↓
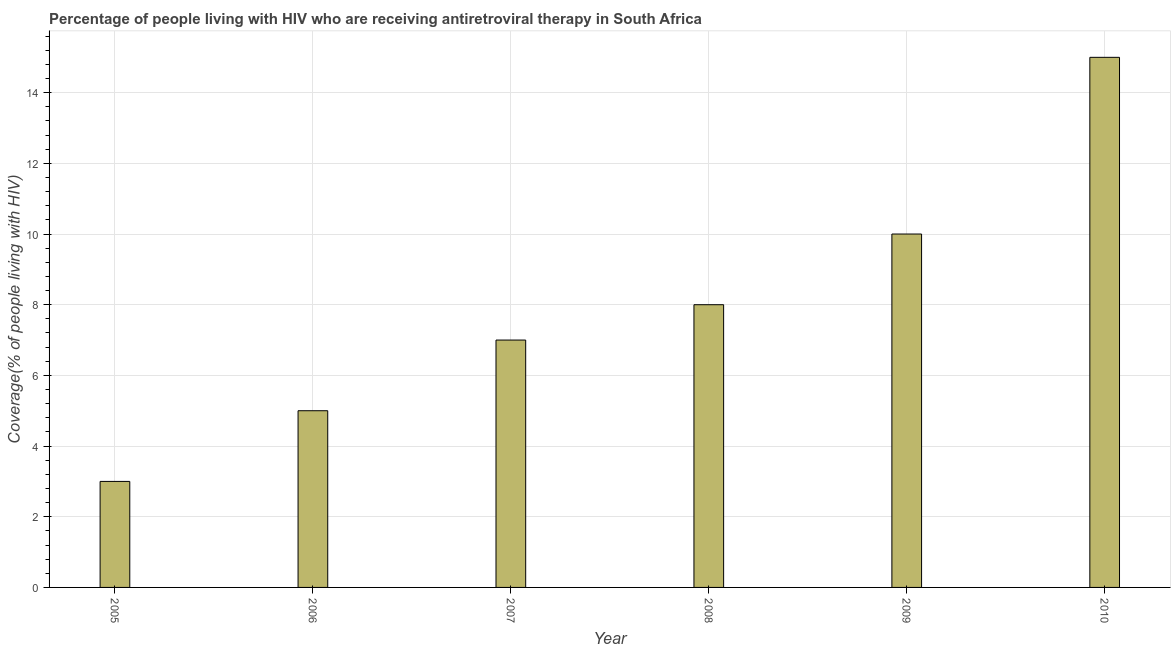Does the graph contain any zero values?
Keep it short and to the point. No. What is the title of the graph?
Make the answer very short. Percentage of people living with HIV who are receiving antiretroviral therapy in South Africa. What is the label or title of the X-axis?
Make the answer very short. Year. What is the label or title of the Y-axis?
Ensure brevity in your answer.  Coverage(% of people living with HIV). In which year was the antiretroviral therapy coverage maximum?
Offer a terse response. 2010. What is the average antiretroviral therapy coverage per year?
Provide a succinct answer. 8. What is the median antiretroviral therapy coverage?
Your answer should be very brief. 7.5. In how many years, is the antiretroviral therapy coverage greater than 2.4 %?
Ensure brevity in your answer.  6. What is the ratio of the antiretroviral therapy coverage in 2006 to that in 2008?
Ensure brevity in your answer.  0.62. What is the difference between the highest and the second highest antiretroviral therapy coverage?
Offer a terse response. 5. In how many years, is the antiretroviral therapy coverage greater than the average antiretroviral therapy coverage taken over all years?
Make the answer very short. 2. How many bars are there?
Make the answer very short. 6. What is the Coverage(% of people living with HIV) in 2006?
Your response must be concise. 5. What is the Coverage(% of people living with HIV) in 2007?
Ensure brevity in your answer.  7. What is the Coverage(% of people living with HIV) of 2009?
Your answer should be compact. 10. What is the Coverage(% of people living with HIV) in 2010?
Your answer should be compact. 15. What is the difference between the Coverage(% of people living with HIV) in 2005 and 2006?
Provide a short and direct response. -2. What is the difference between the Coverage(% of people living with HIV) in 2005 and 2007?
Provide a succinct answer. -4. What is the difference between the Coverage(% of people living with HIV) in 2005 and 2010?
Make the answer very short. -12. What is the difference between the Coverage(% of people living with HIV) in 2006 and 2007?
Make the answer very short. -2. What is the difference between the Coverage(% of people living with HIV) in 2007 and 2008?
Your response must be concise. -1. What is the difference between the Coverage(% of people living with HIV) in 2007 and 2009?
Your answer should be very brief. -3. What is the difference between the Coverage(% of people living with HIV) in 2008 and 2010?
Offer a terse response. -7. What is the ratio of the Coverage(% of people living with HIV) in 2005 to that in 2007?
Your response must be concise. 0.43. What is the ratio of the Coverage(% of people living with HIV) in 2005 to that in 2008?
Provide a succinct answer. 0.38. What is the ratio of the Coverage(% of people living with HIV) in 2005 to that in 2010?
Your answer should be compact. 0.2. What is the ratio of the Coverage(% of people living with HIV) in 2006 to that in 2007?
Give a very brief answer. 0.71. What is the ratio of the Coverage(% of people living with HIV) in 2006 to that in 2008?
Your response must be concise. 0.62. What is the ratio of the Coverage(% of people living with HIV) in 2006 to that in 2010?
Provide a succinct answer. 0.33. What is the ratio of the Coverage(% of people living with HIV) in 2007 to that in 2008?
Give a very brief answer. 0.88. What is the ratio of the Coverage(% of people living with HIV) in 2007 to that in 2009?
Make the answer very short. 0.7. What is the ratio of the Coverage(% of people living with HIV) in 2007 to that in 2010?
Offer a very short reply. 0.47. What is the ratio of the Coverage(% of people living with HIV) in 2008 to that in 2009?
Provide a succinct answer. 0.8. What is the ratio of the Coverage(% of people living with HIV) in 2008 to that in 2010?
Give a very brief answer. 0.53. What is the ratio of the Coverage(% of people living with HIV) in 2009 to that in 2010?
Provide a succinct answer. 0.67. 
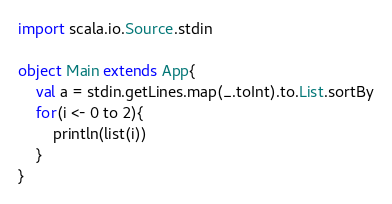<code> <loc_0><loc_0><loc_500><loc_500><_Scala_>import scala.io.Source.stdin

object Main extends App{
	val a = stdin.getLines.map(_.toInt).to.List.sortBy
	for(i <- 0 to 2){
		println(list(i))
	}
}</code> 
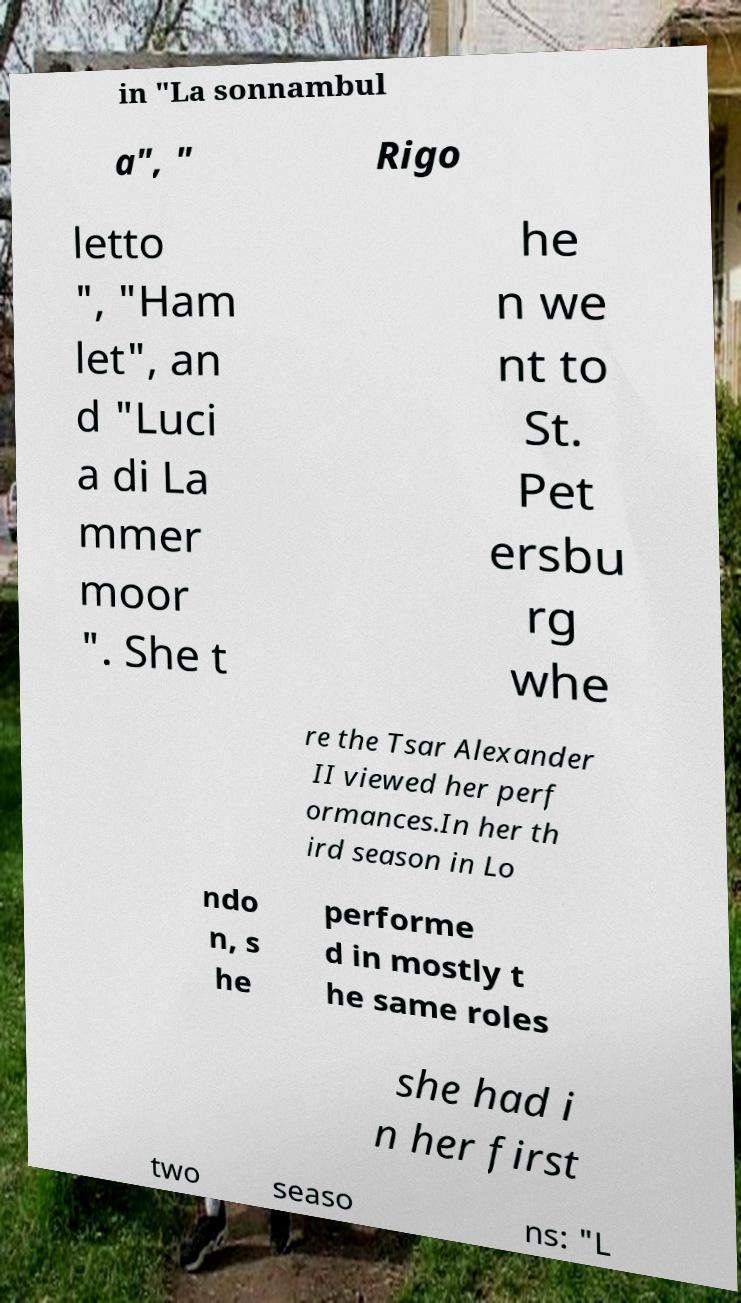Please read and relay the text visible in this image. What does it say? in "La sonnambul a", " Rigo letto ", "Ham let", an d "Luci a di La mmer moor ". She t he n we nt to St. Pet ersbu rg whe re the Tsar Alexander II viewed her perf ormances.In her th ird season in Lo ndo n, s he performe d in mostly t he same roles she had i n her first two seaso ns: "L 
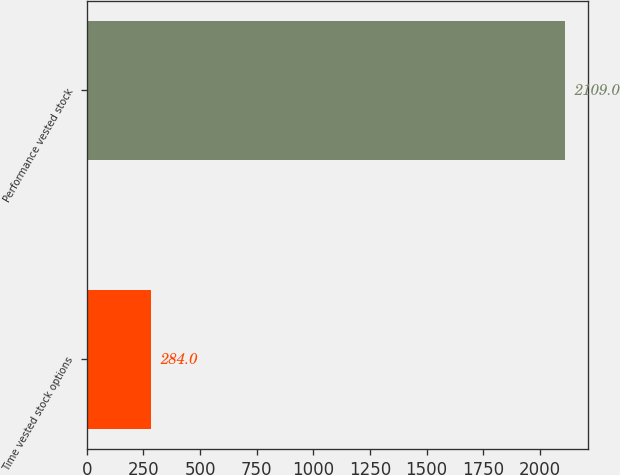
↑
- **Work to be completed**
What is needed is a word-for-word transcription of all the entries, with the pictures dropped.

- **Finished task**
Does the graph contain any zero values?
Keep it short and to the point. No. What is the title of the graph?
Make the answer very short. Percentage of people living with HIV who are receiving antiretroviral therapy in South Africa. What is the label or title of the X-axis?
Make the answer very short. Year. What is the label or title of the Y-axis?
Ensure brevity in your answer.  Coverage(% of people living with HIV). In which year was the antiretroviral therapy coverage maximum?
Offer a terse response. 2010. What is the average antiretroviral therapy coverage per year?
Provide a succinct answer. 8. What is the median antiretroviral therapy coverage?
Your answer should be very brief. 7.5. In how many years, is the antiretroviral therapy coverage greater than 2.4 %?
Ensure brevity in your answer.  6. What is the ratio of the antiretroviral therapy coverage in 2006 to that in 2008?
Ensure brevity in your answer.  0.62. What is the difference between the highest and the second highest antiretroviral therapy coverage?
Offer a terse response. 5. In how many years, is the antiretroviral therapy coverage greater than the average antiretroviral therapy coverage taken over all years?
Make the answer very short. 2. How many bars are there?
Make the answer very short. 6. What is the Coverage(% of people living with HIV) in 2006?
Your response must be concise. 5. What is the Coverage(% of people living with HIV) in 2007?
Ensure brevity in your answer.  7. What is the Coverage(% of people living with HIV) of 2009?
Your answer should be compact. 10. What is the Coverage(% of people living with HIV) in 2010?
Your answer should be compact. 15. What is the difference between the Coverage(% of people living with HIV) in 2005 and 2006?
Provide a short and direct response. -2. What is the difference between the Coverage(% of people living with HIV) in 2005 and 2007?
Provide a succinct answer. -4. What is the difference between the Coverage(% of people living with HIV) in 2005 and 2010?
Make the answer very short. -12. What is the difference between the Coverage(% of people living with HIV) in 2006 and 2007?
Make the answer very short. -2. What is the difference between the Coverage(% of people living with HIV) in 2007 and 2008?
Your response must be concise. -1. What is the difference between the Coverage(% of people living with HIV) in 2007 and 2009?
Your answer should be very brief. -3. What is the difference between the Coverage(% of people living with HIV) in 2008 and 2010?
Offer a terse response. -7. What is the ratio of the Coverage(% of people living with HIV) in 2005 to that in 2007?
Your response must be concise. 0.43. What is the ratio of the Coverage(% of people living with HIV) in 2005 to that in 2008?
Provide a succinct answer. 0.38. What is the ratio of the Coverage(% of people living with HIV) in 2005 to that in 2010?
Your answer should be compact. 0.2. What is the ratio of the Coverage(% of people living with HIV) in 2006 to that in 2007?
Give a very brief answer. 0.71. What is the ratio of the Coverage(% of people living with HIV) in 2006 to that in 2008?
Your response must be concise. 0.62. What is the ratio of the Coverage(% of people living with HIV) in 2006 to that in 2010?
Provide a succinct answer. 0.33. What is the ratio of the Coverage(% of people living with HIV) in 2007 to that in 2008?
Give a very brief answer. 0.88. What is the ratio of the Coverage(% of people living with HIV) in 2007 to that in 2009?
Make the answer very short. 0.7. What is the ratio of the Coverage(% of people living with HIV) in 2007 to that in 2010?
Offer a very short reply. 0.47. What is the ratio of the Coverage(% of people living with HIV) in 2008 to that in 2009?
Provide a succinct answer. 0.8. What is the ratio of the Coverage(% of people living with HIV) in 2008 to that in 2010?
Give a very brief answer. 0.53. What is the ratio of the Coverage(% of people living with HIV) in 2009 to that in 2010?
Provide a succinct answer. 0.67. 
<code> <loc_0><loc_0><loc_500><loc_500><_Scala_>import scala.io.Source.stdin

object Main extends App{
	val a = stdin.getLines.map(_.toInt).to.List.sortBy
	for(i <- 0 to 2){
		println(list(i))
	}
}</code> 
Please read and relay the text visible in this image. What does it say? in "La sonnambul a", " Rigo letto ", "Ham let", an d "Luci a di La mmer moor ". She t he n we nt to St. Pet ersbu rg whe re the Tsar Alexander II viewed her perf ormances.In her th ird season in Lo ndo n, s he performe d in mostly t he same roles she had i n her first two seaso ns: "L 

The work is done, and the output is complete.